Por otro lado, si ustedes buscan el Presupuesto de Egresos de la Federación para el ejercicio del año 2019, verán que lo asignado a Cultura representa menos del 0.2%, cero punto dos, menos del cero punto cinco, muy lejos del uno por ciento. Punto una mierda.
¿Es de ahí donde pretenden compensar la inequidad social en México? No, pos sí.
El recorte a la de por sí raquítica partida de Cultura fue del 7.6% respecto del año pasado, el recorte a Medio ambiente —otro tema preocupante— del 29%.
Es una escandalosa evidencia de los intereses políticos pero poco estadistas que nos gobiernan. Desde luego las partidas que más crecieron tienen que ver con pensiones y apoyos sociales. Y aquí vuelvo a la paradoja.
¿Preferirían los Tamayos del mundo una tarjeta de despensa y apoyo doméstico que una infraestructura sólida que les permita crear?
México no es un país pobre y sin embargo hay pobreza.
Esa perversión no es consecuencia de presupuestos excesivos asignados a Cultura, acabáramos. Es por la corrupción y por el gran negocio que representa la pobreza para empresas y gobiernos. Sí, también para el actual: los estados con mayor índice de pobreza reciben partidas especiales inmensas y son también los estados con mayor desviación de recursos; los pactos políticos con las élites empresariales garantizan la usura vergonzosa, una rentabilísima estrategia para lucrar con los pobres: las tarjetas de apoyos, los créditos a tasas de interés inhumanas, el aseguramiento de una plataforma de votos sometida y dependiente de su “mesada”.
La pobreza es rentable porque financia industrias, sectores, y fortunas inimaginables.
La pobreza es rentable porque proporciona millones de votos.
Al pan pan y al vino vino.
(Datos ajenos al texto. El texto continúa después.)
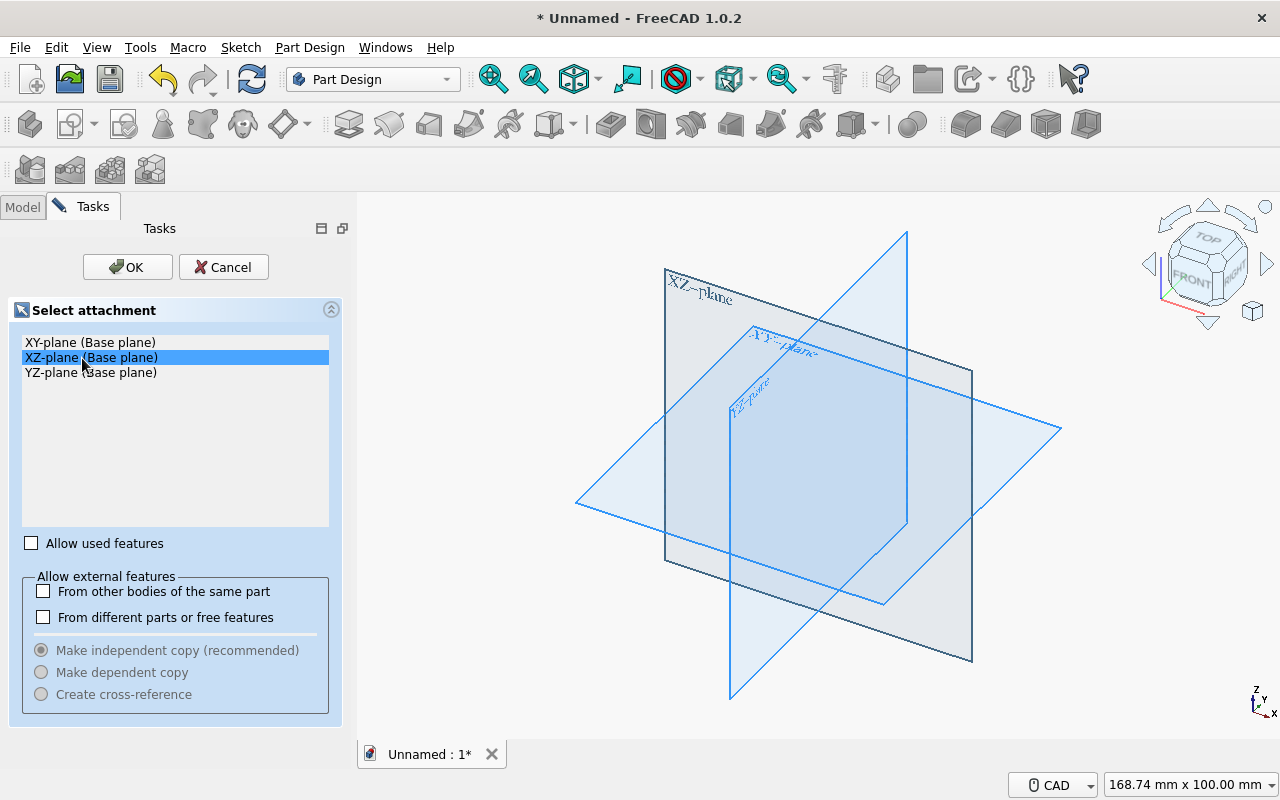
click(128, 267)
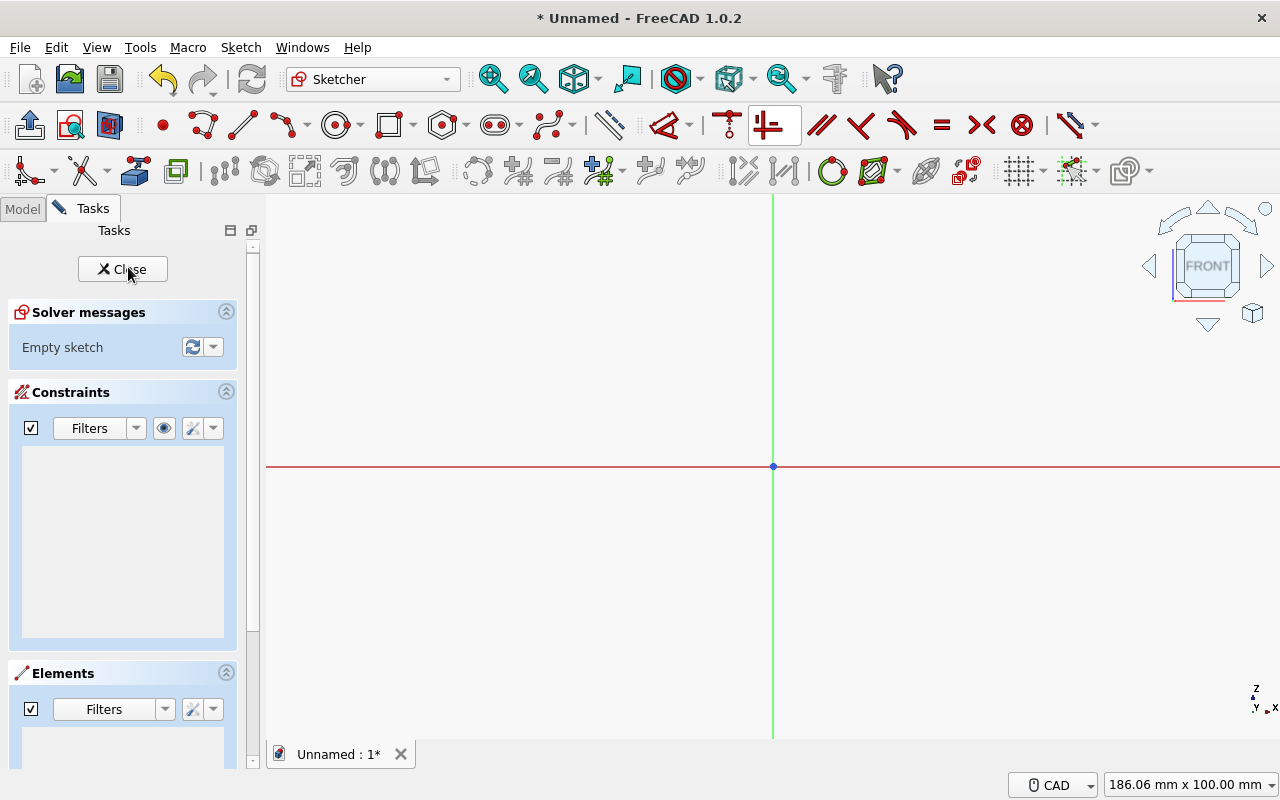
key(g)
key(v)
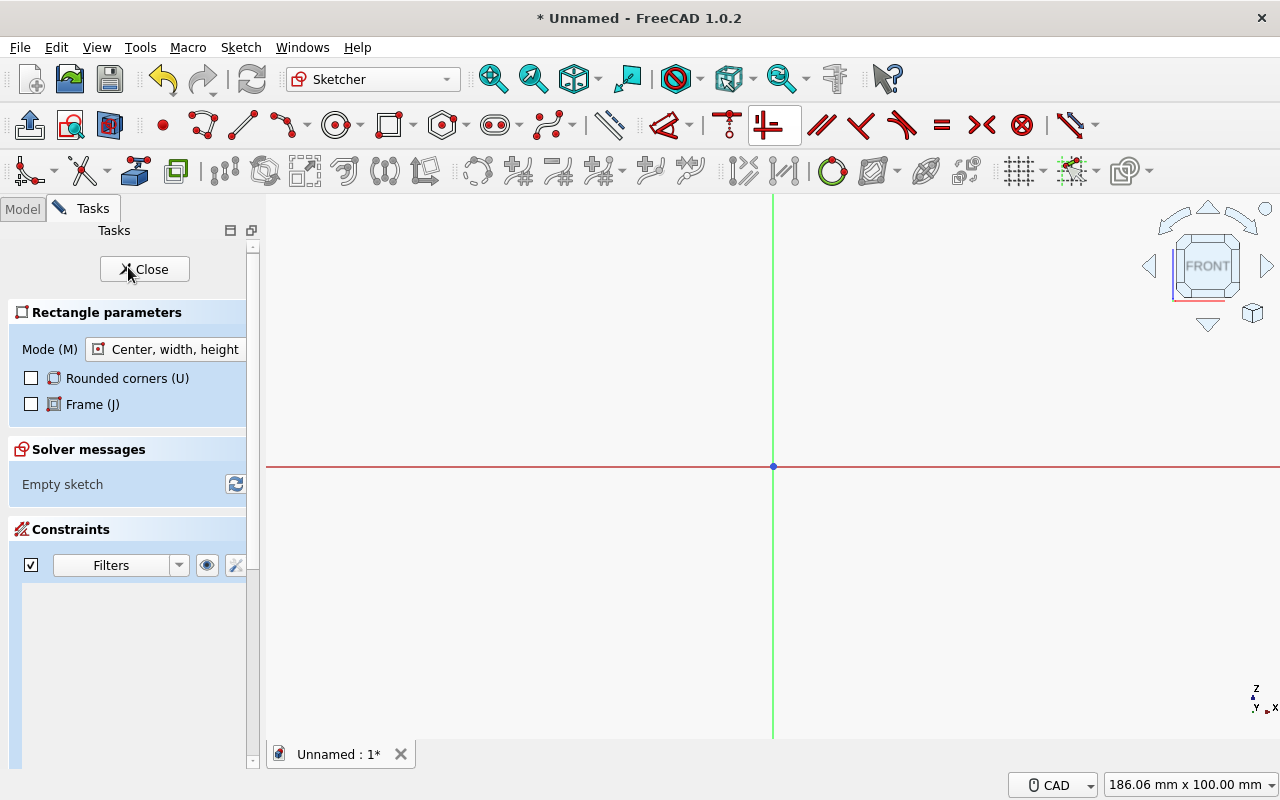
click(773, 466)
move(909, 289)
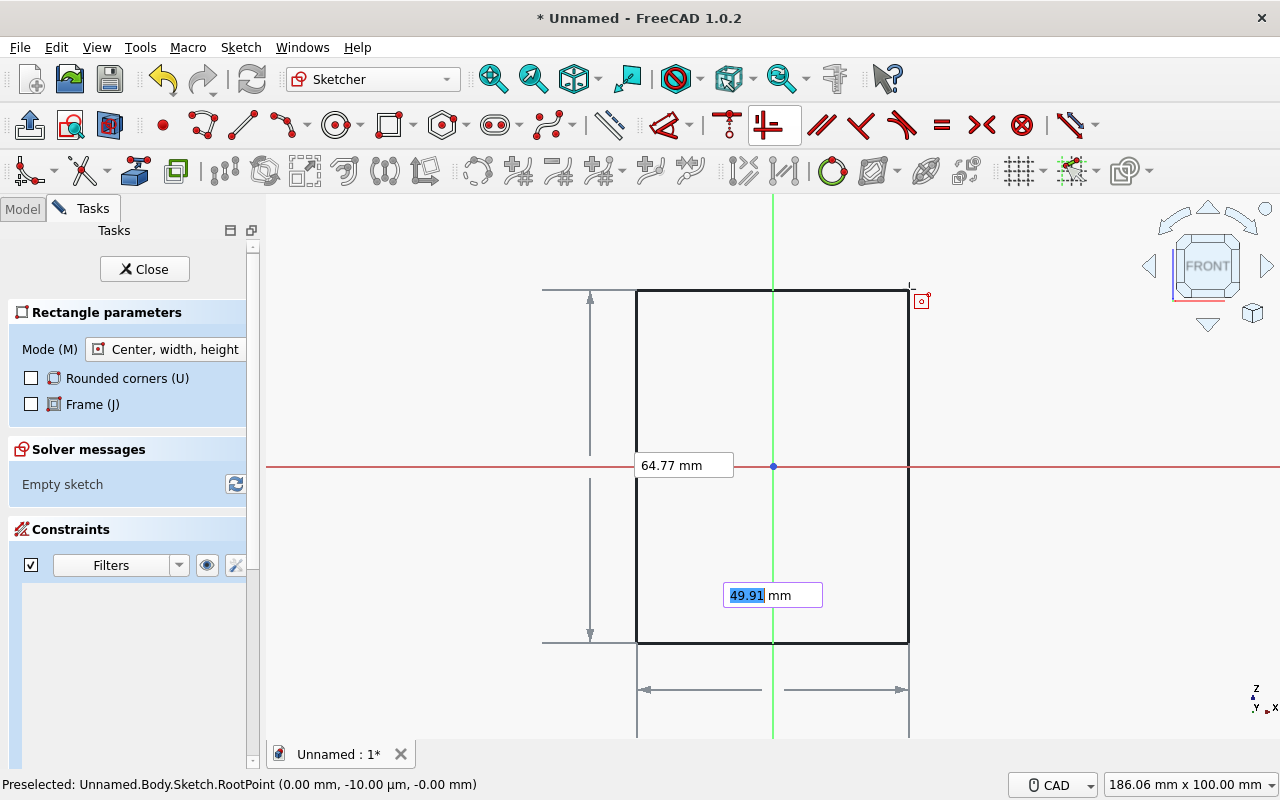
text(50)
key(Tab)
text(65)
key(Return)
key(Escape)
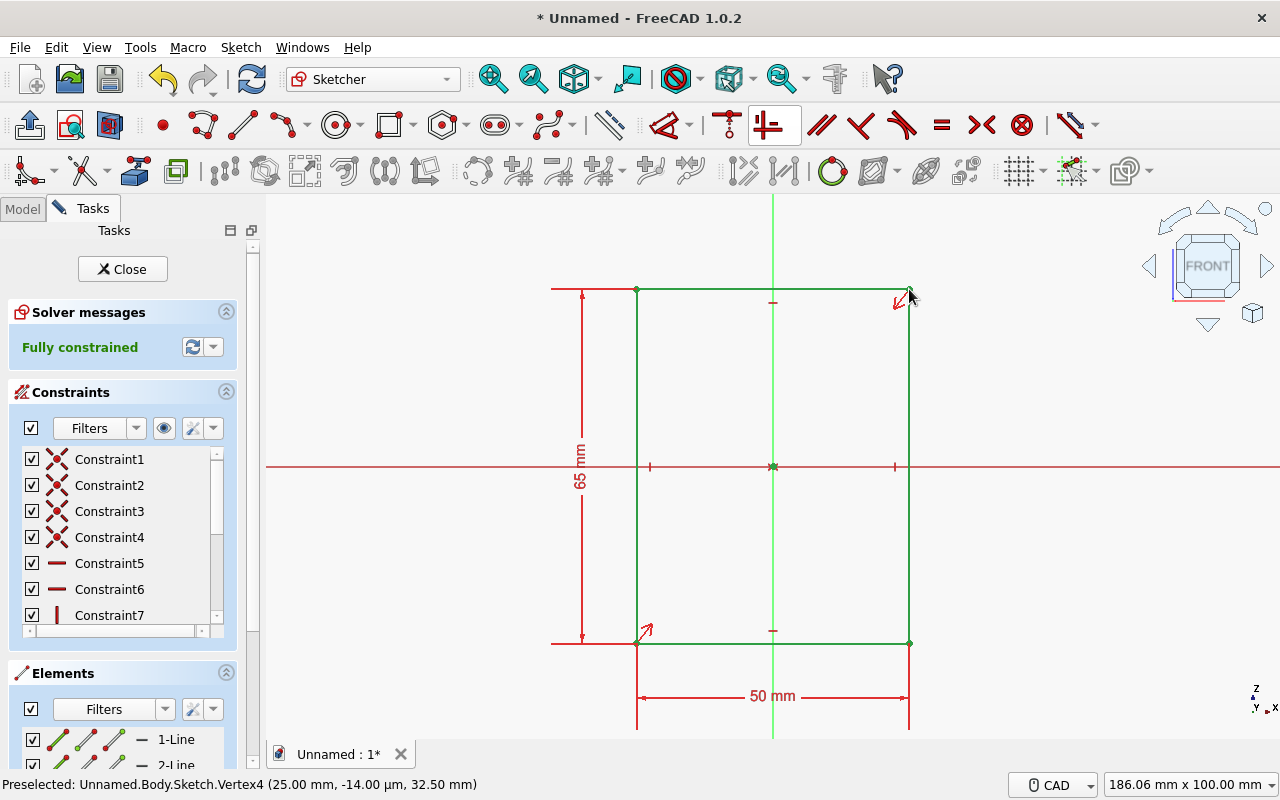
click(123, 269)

Y las chingaderas, chingaderas.
Con su perdón y sin él pero es que estoy furiosa.
Que en las partidas presupuestarias para Cultura también hay corrupción, no lo dudo; lo que toca es el camino largo de trabajo difícil para limpiarlas, no pensar en desaparecerlas. Toda corrupción enferma, toda corrupción es parte del cáncer, en eso no regateo; pero insisto, hay que transparentar y limpiar, no demoler lo construido.
Ya casi me voy.
Nomás les dejo este fragmento brillante que no me canso de leer y citar. Del psicólogo y sociólogo Pablo Fernández Christlieb que describe perfectamente a la calamidad de funcionarios que sólo van cambiando el color de la estafeta pero que resultan todos de la misma estirpe.
“Solían ser buenos muchachos: en los sesenta eran hipiosos; en los setenta, concientizados; en los ochenta, ecologistas; y en los noventa, democráticos. Ahora ya son cancilleres, funcionarios, mandos medios o dueños de su restaurante, vestidos casual, con buen verbo y culturita, como si les hubiera ido bien aunque no quisieran, y como si se hubieran decrepitado pronto, como a los treinta años.
Venían con buena educación, buena familia, buenos principios, buen corazón pero un día cayeron en las garras del triunfo; tenían todas las inteligencias; la técnica, la emocional, la práctica, menos una: la inteligencia moral”.